DATA FOR PROCESSING →
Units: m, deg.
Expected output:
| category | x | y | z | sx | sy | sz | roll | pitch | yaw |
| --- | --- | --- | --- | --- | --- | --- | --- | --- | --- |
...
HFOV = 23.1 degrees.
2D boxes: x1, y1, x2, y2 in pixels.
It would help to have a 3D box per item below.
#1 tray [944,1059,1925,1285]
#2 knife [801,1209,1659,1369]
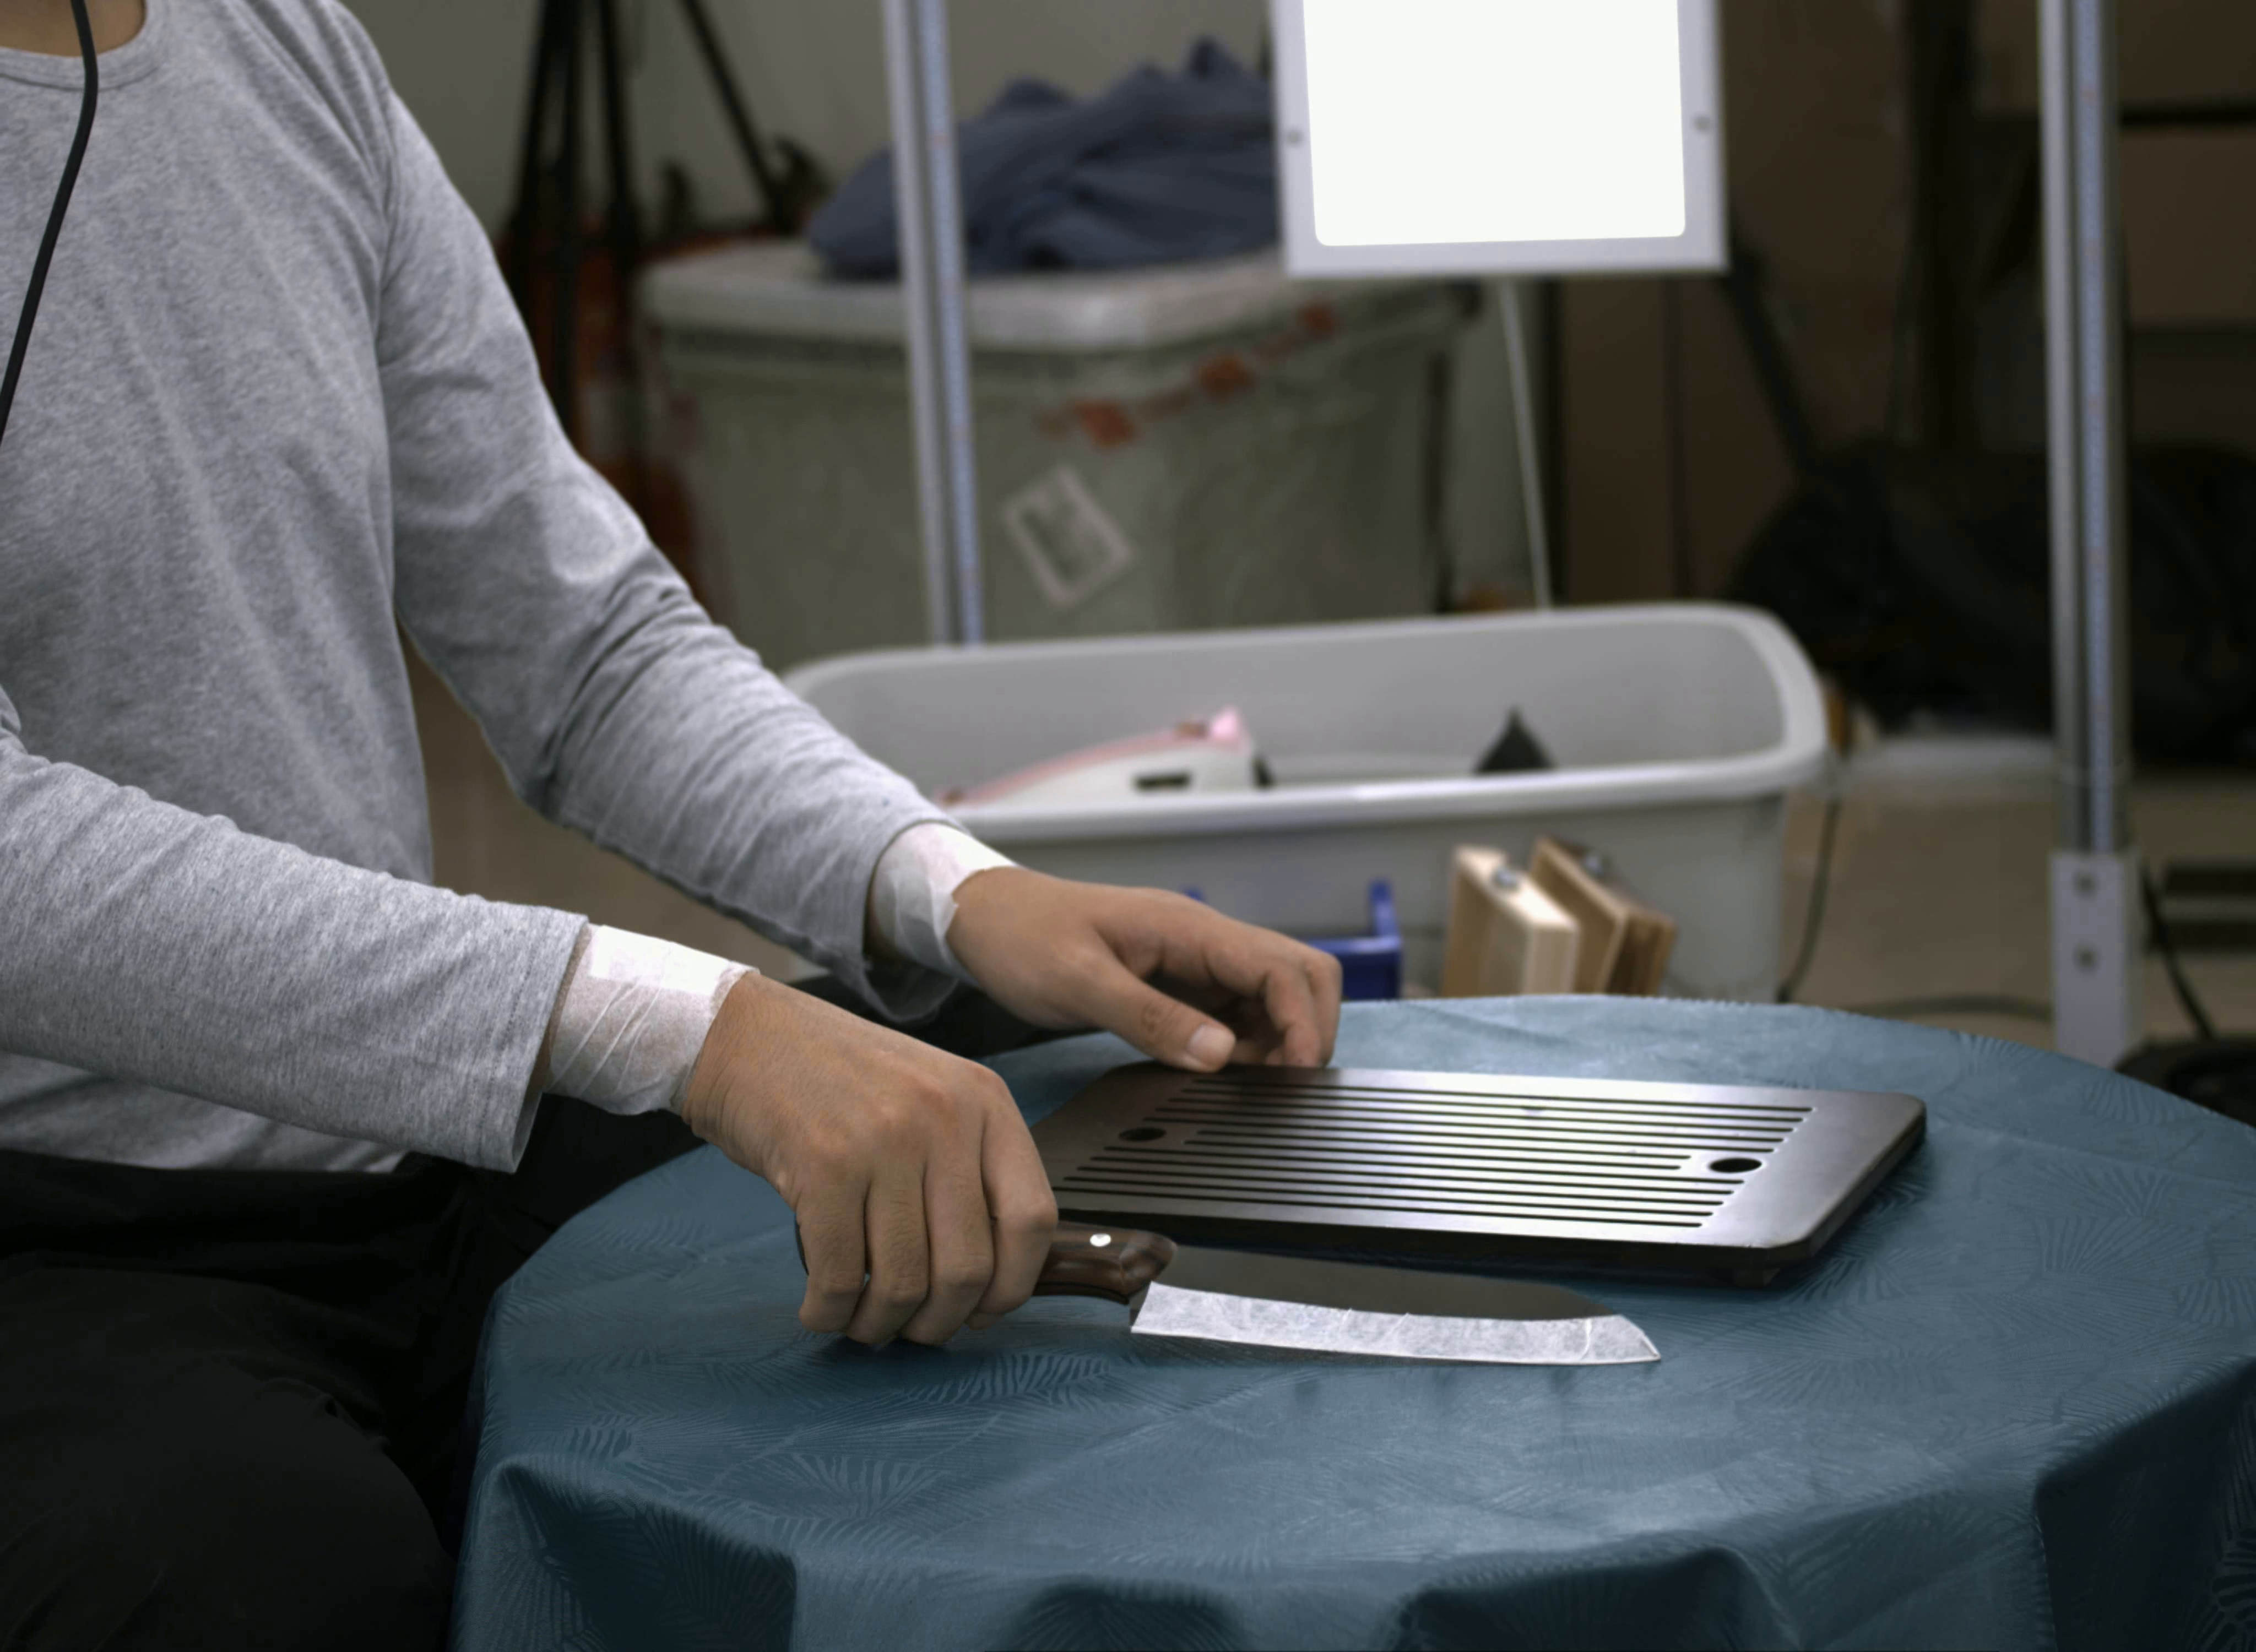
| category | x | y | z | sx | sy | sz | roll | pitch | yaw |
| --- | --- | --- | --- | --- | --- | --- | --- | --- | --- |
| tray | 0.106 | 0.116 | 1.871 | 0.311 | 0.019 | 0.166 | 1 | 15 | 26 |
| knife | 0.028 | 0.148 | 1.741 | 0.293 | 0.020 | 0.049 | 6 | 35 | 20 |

---

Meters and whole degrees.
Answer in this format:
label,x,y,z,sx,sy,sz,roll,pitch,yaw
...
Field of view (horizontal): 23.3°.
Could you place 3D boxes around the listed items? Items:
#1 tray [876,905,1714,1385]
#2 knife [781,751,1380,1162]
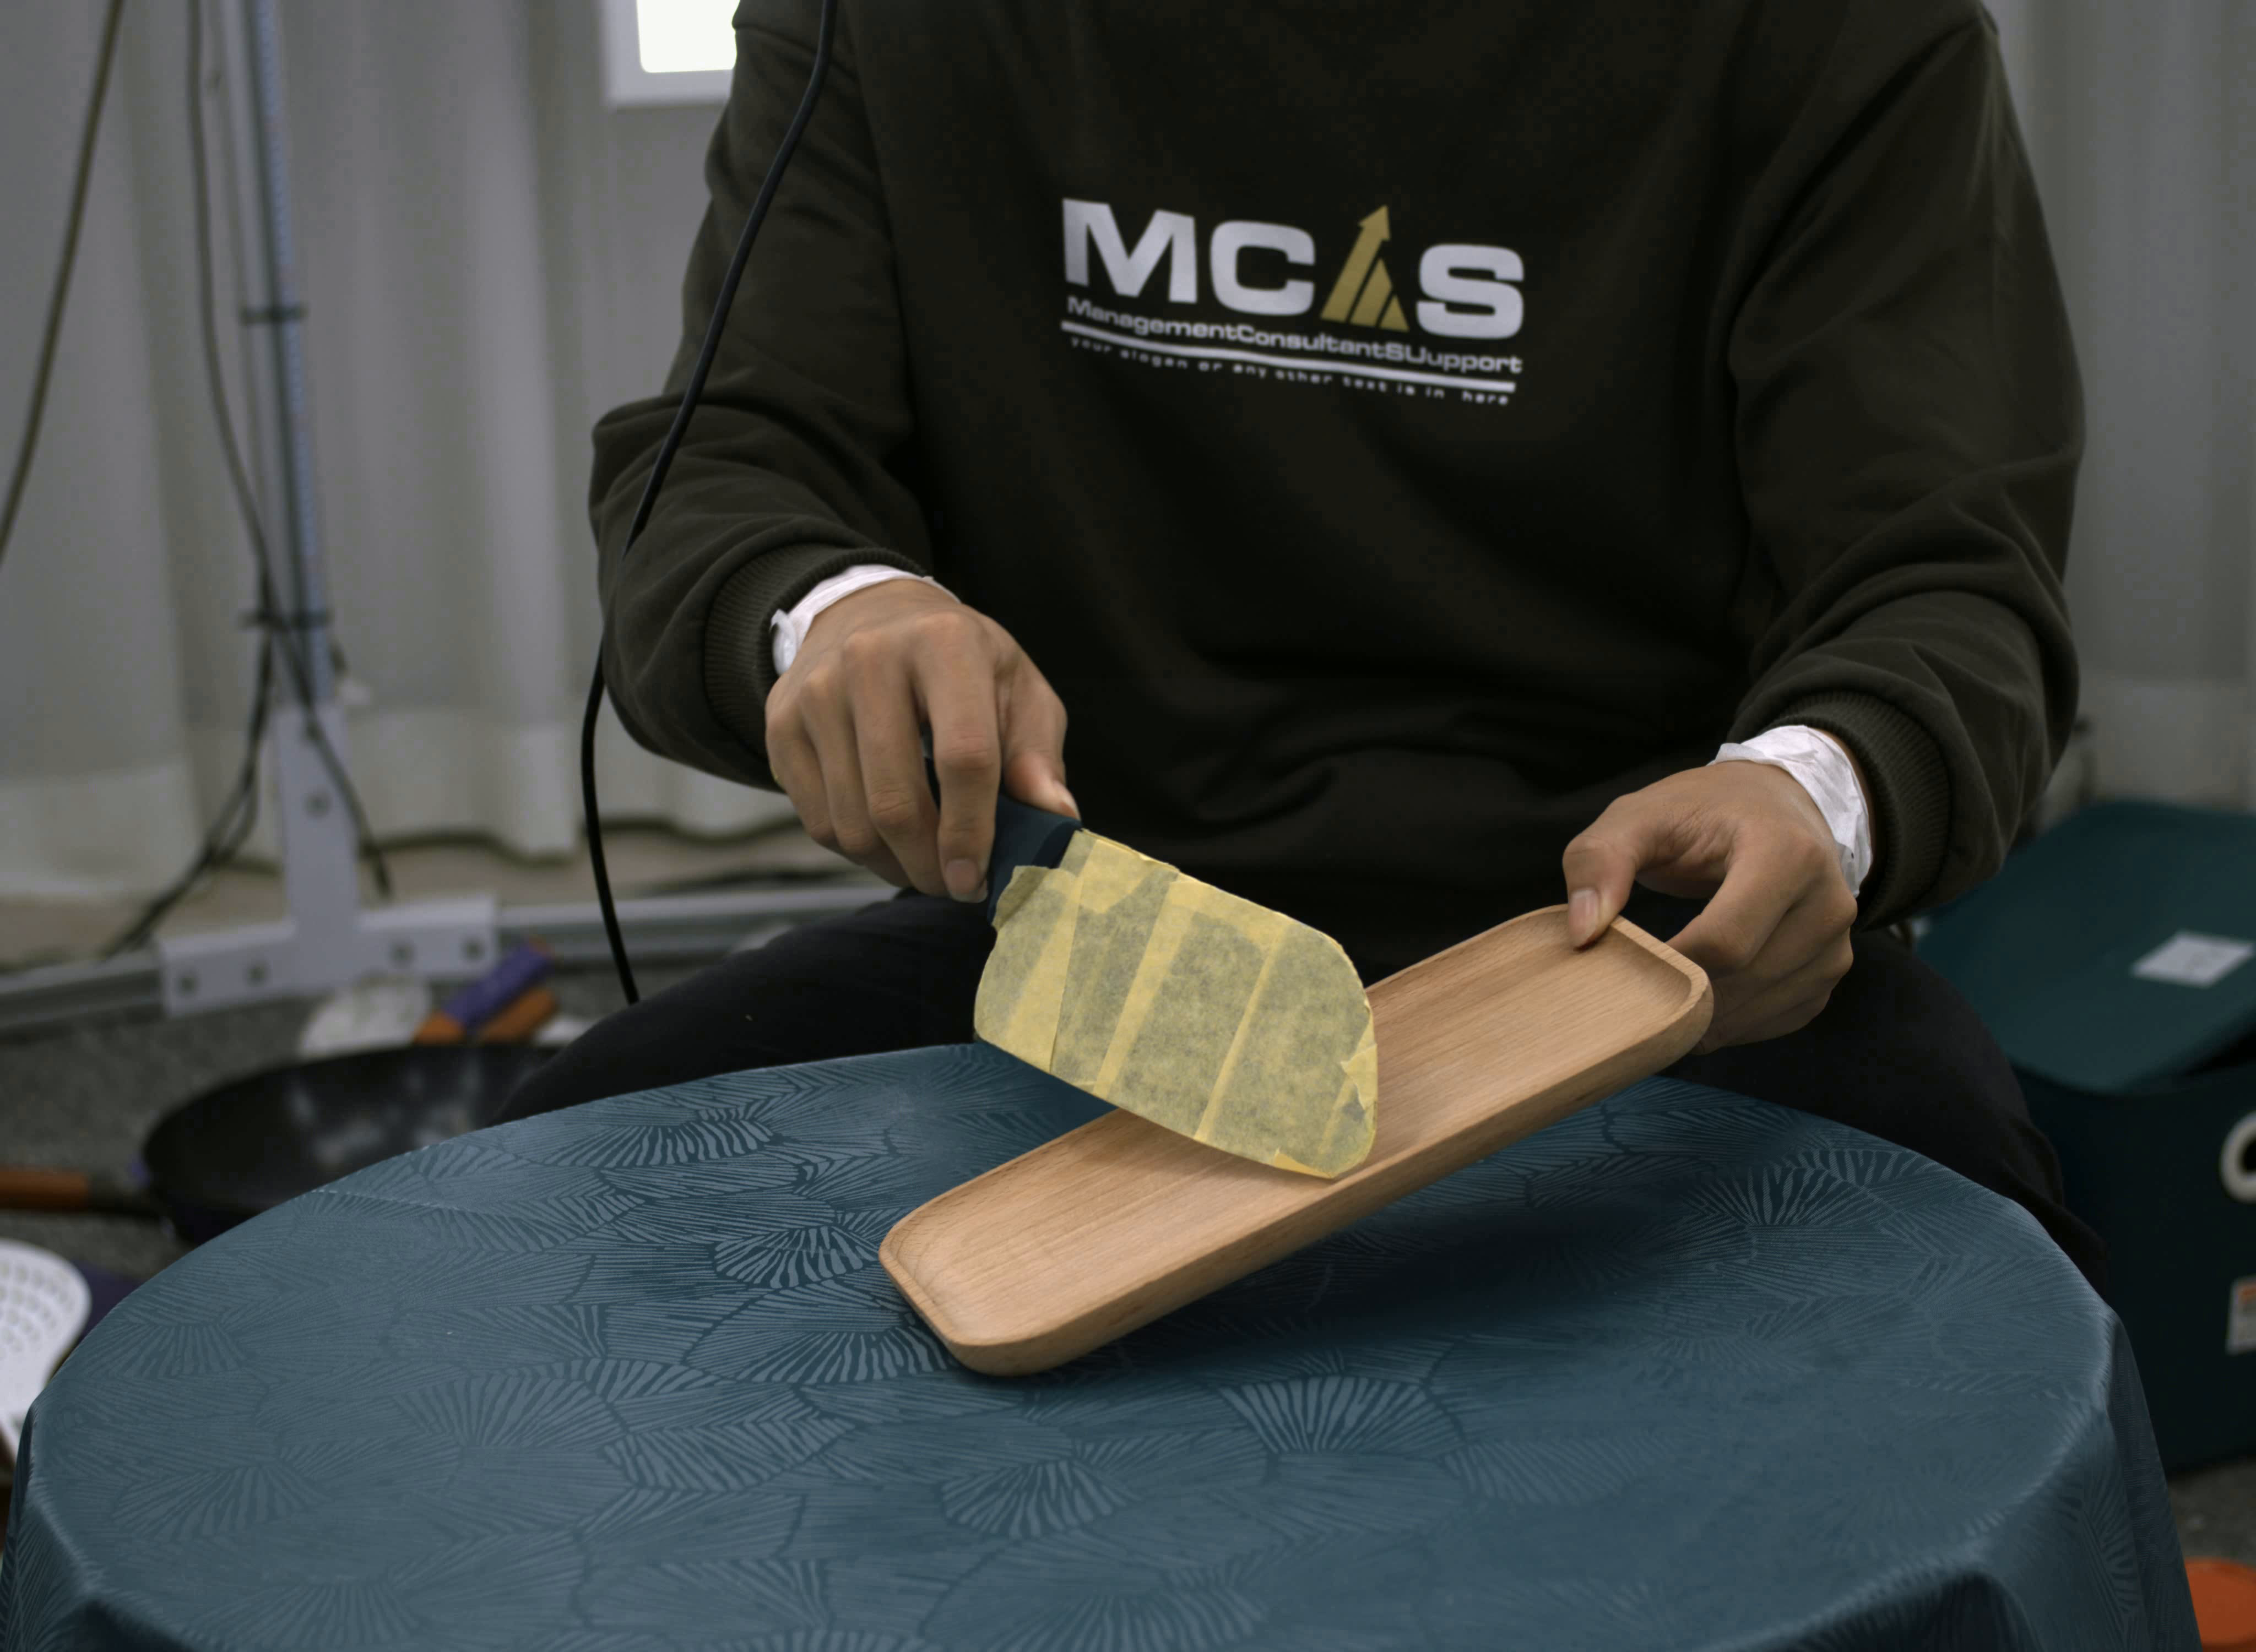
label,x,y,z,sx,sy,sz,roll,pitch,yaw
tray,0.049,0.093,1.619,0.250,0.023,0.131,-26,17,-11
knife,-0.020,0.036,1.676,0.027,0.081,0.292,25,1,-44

EXERCISE → Among the records above, only the lines between the line holding "HFOV = 23.1 degrees." and the line holding "#1 tray [944,1059,1925,1285]", inclusive, are to be output, exactly as written.

SOLUTION FOR THIS PROBLEM →
HFOV = 23.1 degrees.
2D boxes: x1, y1, x2, y2 in pixels.
It would help to have a 3D box per item below.
#1 tray [944,1059,1925,1285]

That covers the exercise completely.